«Я никак не припомню, чтобы кто-нибудь именно или чтение каких-нибудь книг исключительно возбудили во мне свободный образ мыслей».
У Якушкина свободный образ мыслей был уже в крови, не ощущался как привнесенный элемент и не был таким элементом. В крови был уже, скажем, и Монтень с его смеющимся скептицизмом и неколебимой независимостью стоического жизнеутверждения.
Вскоре после объявления приговора и совершения казни Якушкина вместе с некоторыми другими осужденными отправили поначалу в Финляндию в Роченсальмскую крепость. Дело было в августе 1826 года. Около Петербурга горели леса, «солнце, — пишет Якушкин, — виднелось сквозь дым, покрывавший город и его окрестности, как обгорелая головня; ночью же ни зги не было видно». Бедствие в окружающей природе как бы нарочно подчеркивало мрачную сторону событий, служило им фоном. Но Якушкин словно знал, что самое тяжкое нравственное испытание позади, словно чем-то уже был огражден от всех удручающих впечатлений окружающего бытия. Так и будет потом с ним всегда, на всю жизнь. «Переезд от Петербурга до места нашего заключения был для нас приятной прогулкой… По приезде на каждую станцию живой разговор между нами имел также свою увлекательность». Это — стиль Якушкина. Потом, во время «противувольных» своих странствий по Сибири, к местам своего заточения, а позже — на поселение в Ялуторовск, Якушкин, отмечая, к примеру, что в термометре «ртуть стынет», не пропустит случая сказать о красоте окружающего пейзажа. По дороге в Роченсальм у Якушкина произошел вроде бы и шутливый, но важный разговор с Александром Бестужевым. «Я старался доказать ему, что несостоятельность наша произошла от нашего нетерпения, что истинное наше назначение состояло в том, чтобы быть основанием великого здания, основанием под землей, никем не замеченным: но что мы вместо того захотели быть на виду для всех, захотели быть карниз. «И потому упали вниз», — сказал наш фельдъегерь, стоявший сзади меня и о присутствии которого мы совершенно забыли… Мы все расхохотались».

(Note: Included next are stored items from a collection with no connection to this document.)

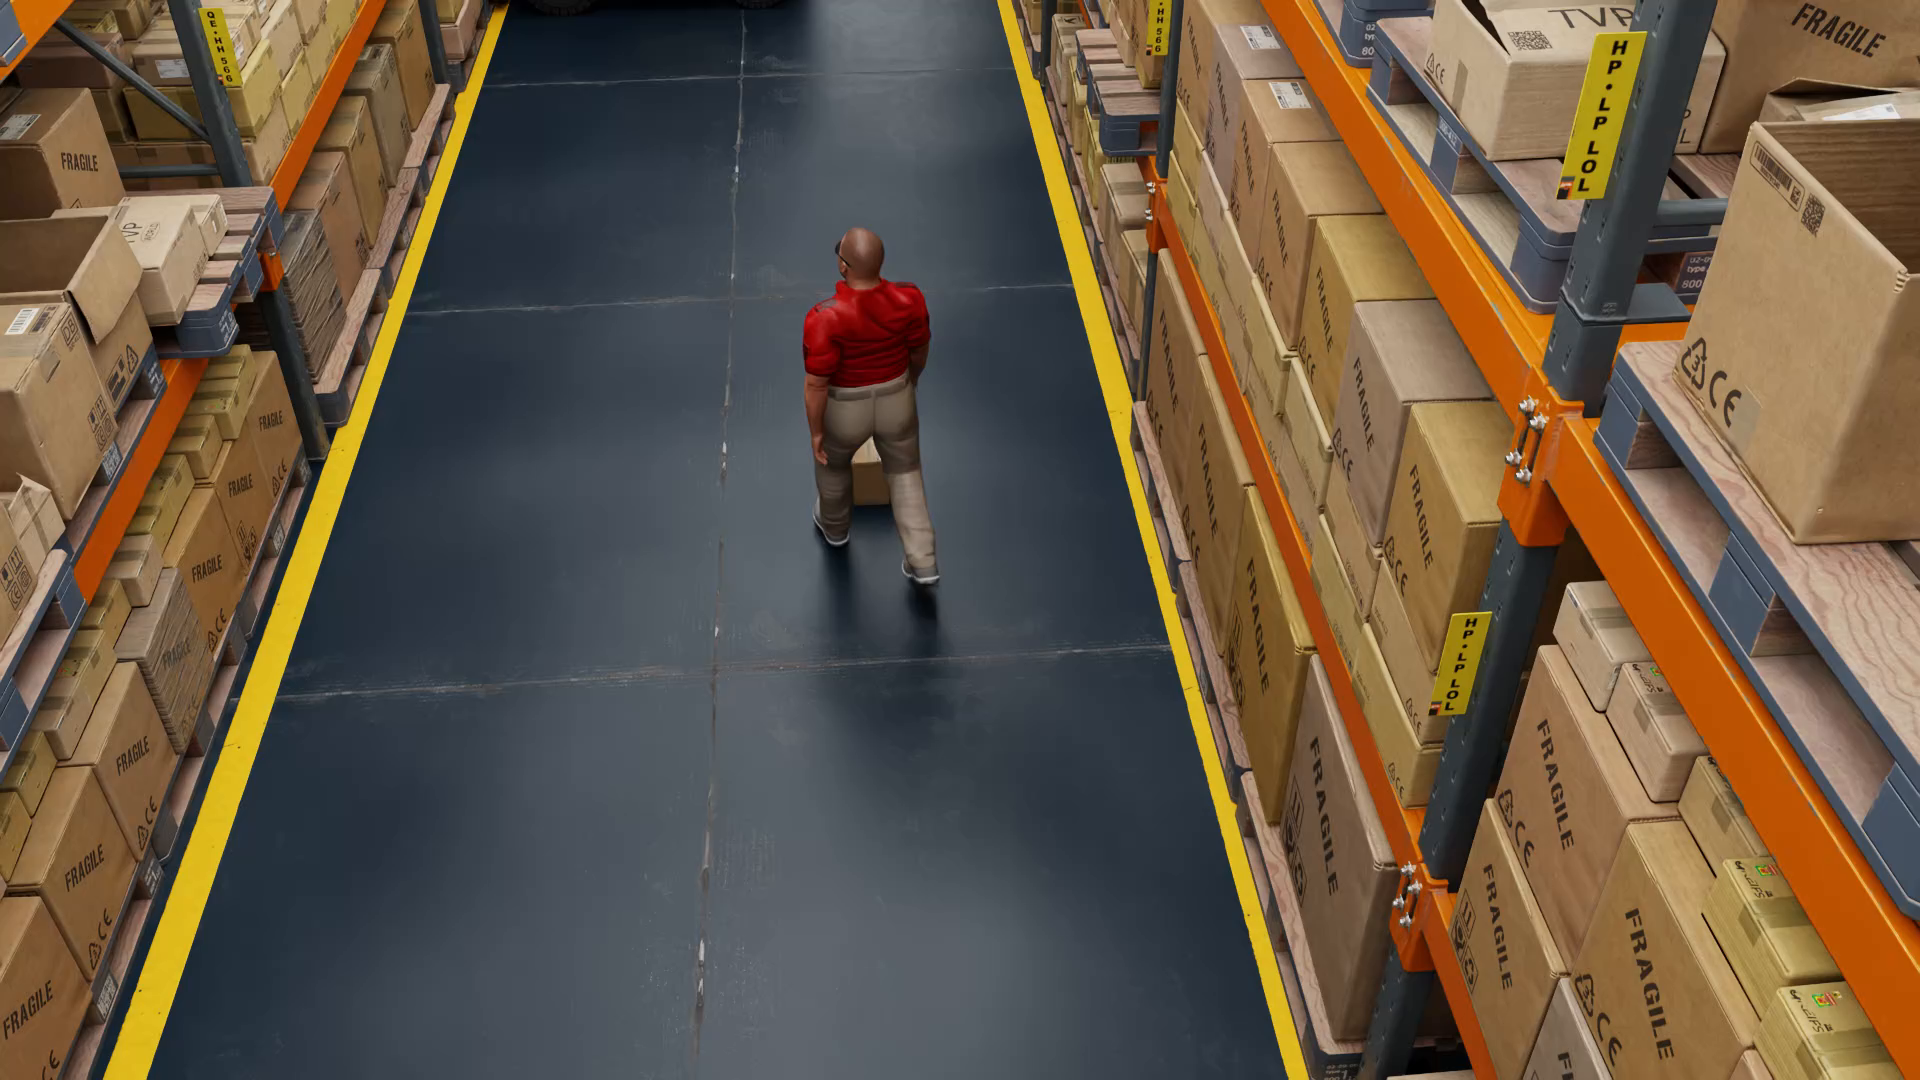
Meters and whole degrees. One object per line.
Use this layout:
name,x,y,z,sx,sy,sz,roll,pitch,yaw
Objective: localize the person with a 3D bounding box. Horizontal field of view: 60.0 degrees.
person,-0.398,-0.574,6.876,0.549,1.689,0.894,-11,40,-13
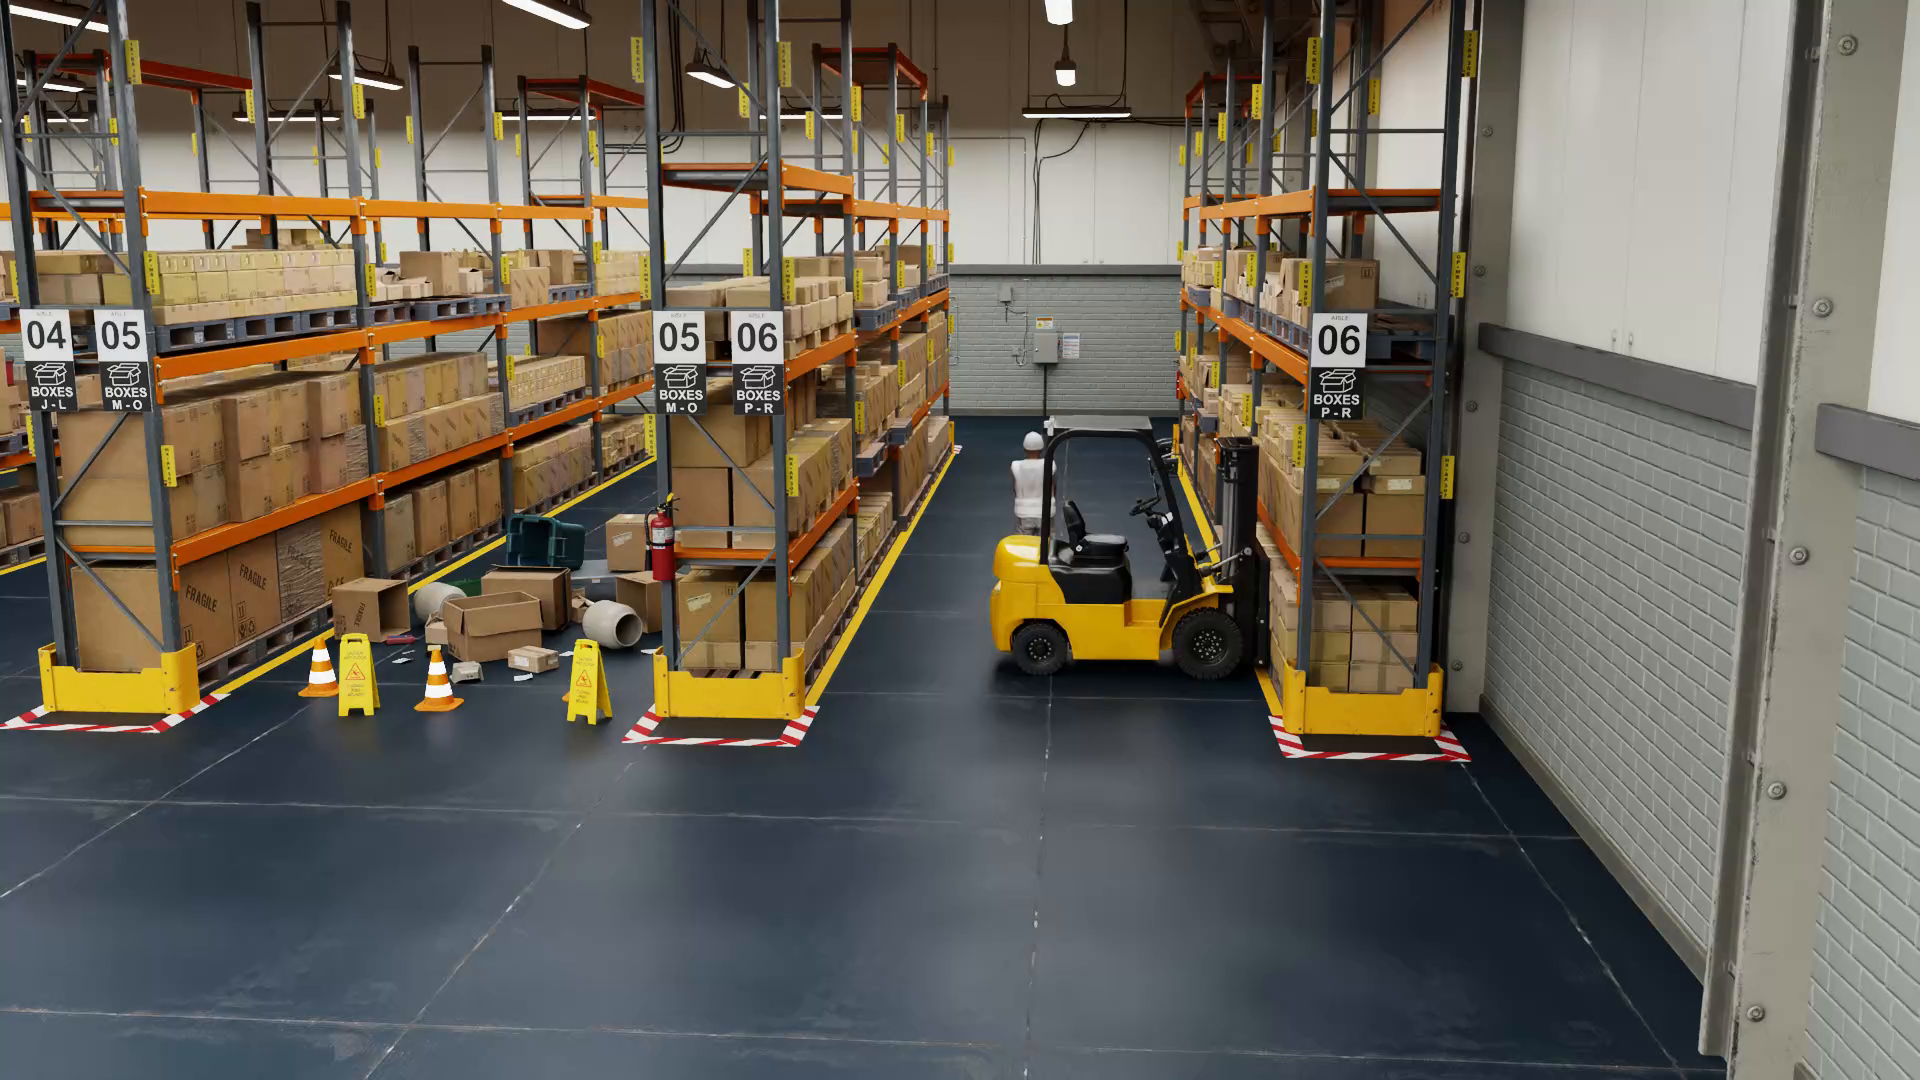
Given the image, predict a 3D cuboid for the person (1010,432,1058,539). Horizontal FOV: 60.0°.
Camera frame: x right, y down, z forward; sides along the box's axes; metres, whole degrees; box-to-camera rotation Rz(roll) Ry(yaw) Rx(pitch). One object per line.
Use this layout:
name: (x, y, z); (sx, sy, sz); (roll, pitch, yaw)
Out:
person: (0.769, -0.257, 17.256); (0.487, 1.778, 0.584); (1, 11, 4)
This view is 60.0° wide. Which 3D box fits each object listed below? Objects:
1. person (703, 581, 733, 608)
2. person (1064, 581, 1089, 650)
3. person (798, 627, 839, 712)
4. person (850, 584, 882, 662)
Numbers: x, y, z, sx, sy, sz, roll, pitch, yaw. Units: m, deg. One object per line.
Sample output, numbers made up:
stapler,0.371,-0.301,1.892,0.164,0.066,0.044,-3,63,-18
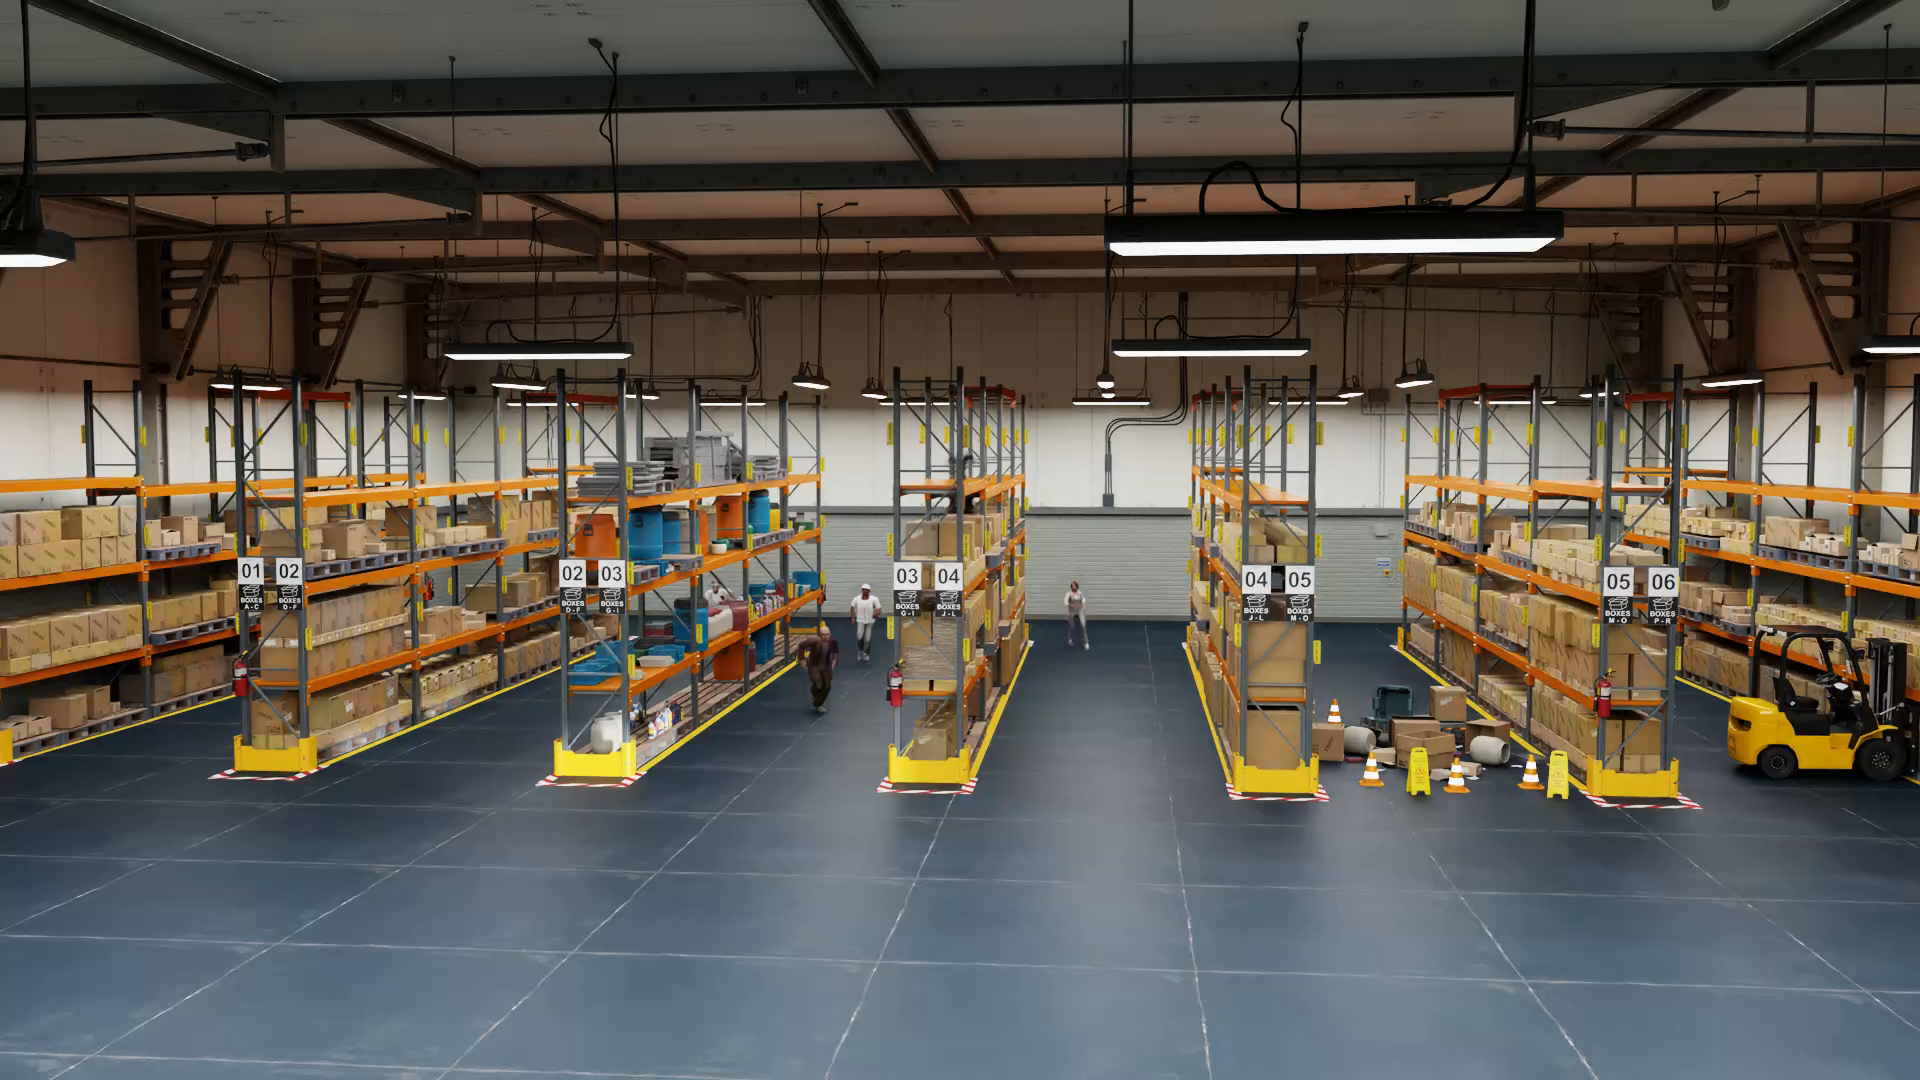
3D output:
person,-5.654,1.769,38.954,0.697,1.723,1.025,0,4,-1
person,2.718,1.765,39.272,0.548,1.603,0.862,-1,4,-9
person,-2.566,2.340,30.097,0.742,1.599,0.878,-1,4,-22
person,-2.095,1.837,36.905,0.703,1.744,0.643,0,4,0

Заключенных содержали скверно — холод и голод едва не погубили их тут же. Да и вообще надо было уже набираться навыков новой жизни.
«Книг у нас было очень мало… Я имел возможность захватить с собой только Монтеня». Печать была мелкая, читать было трудно — в каземате не хватало света, страдали глаза.
21 сентября 1835 года Пушкин, находясь в плохом настроении, в тоскливых мыслях о бытовых невзгодах семьи, о своем вынужденном одиночестве, писал жене: «…Кстати: пришли мне… 4 синих книги, на длинных моих полках. Отыщи». Речь шла об «Опытах» Монтеня.
Лев Толстой просил свою дочь прислать ему Монтеня после ухода из Ясной Поляны.
Под Роченсальмом — в крепости Форт-Слава, построенной еще по приказу Суворова, где Якушкин вместе с некоторыми другими своими товарищами находился до Сибири, Александр Бестужев на каких-то клочках бумаги писал повесть в стихах «из времен, весьма древних, русской истории» «Андрей Переяславский». Якушкин потом вспоминал: «Стих его был вял, и повесть вообще не удалась. За критику его скороспелого произведения он не сердился, но впрочем защищал его усердно; вообще он был добрый малый… Бывали с ним мрачные минуты, в которые он был уверен, что мы никогда не съедем с Форт-Славы или что если бы мы даже и возвратились на свободу, то наше положение было бы незавидно по той причине, что на нас все смотрели бы с невыгодной стороны; а я ему в утешение говорил напротив, что мы долго не останемся на Форт-Славе и что если бы мы когда-нибудь возвратились на свободу, то нам надо опасаться, чтобы на нас не смотрели лучше, нежели мы того стоим. Не знаю, — добавляет Якушкин в своих знаменитых «Записках», — вспомнил ли он мое предсказание на Кавказе, когда его литературные произведения имели такой огромный успех и которым он частью, конечно, был обязан положению, в котором он находился».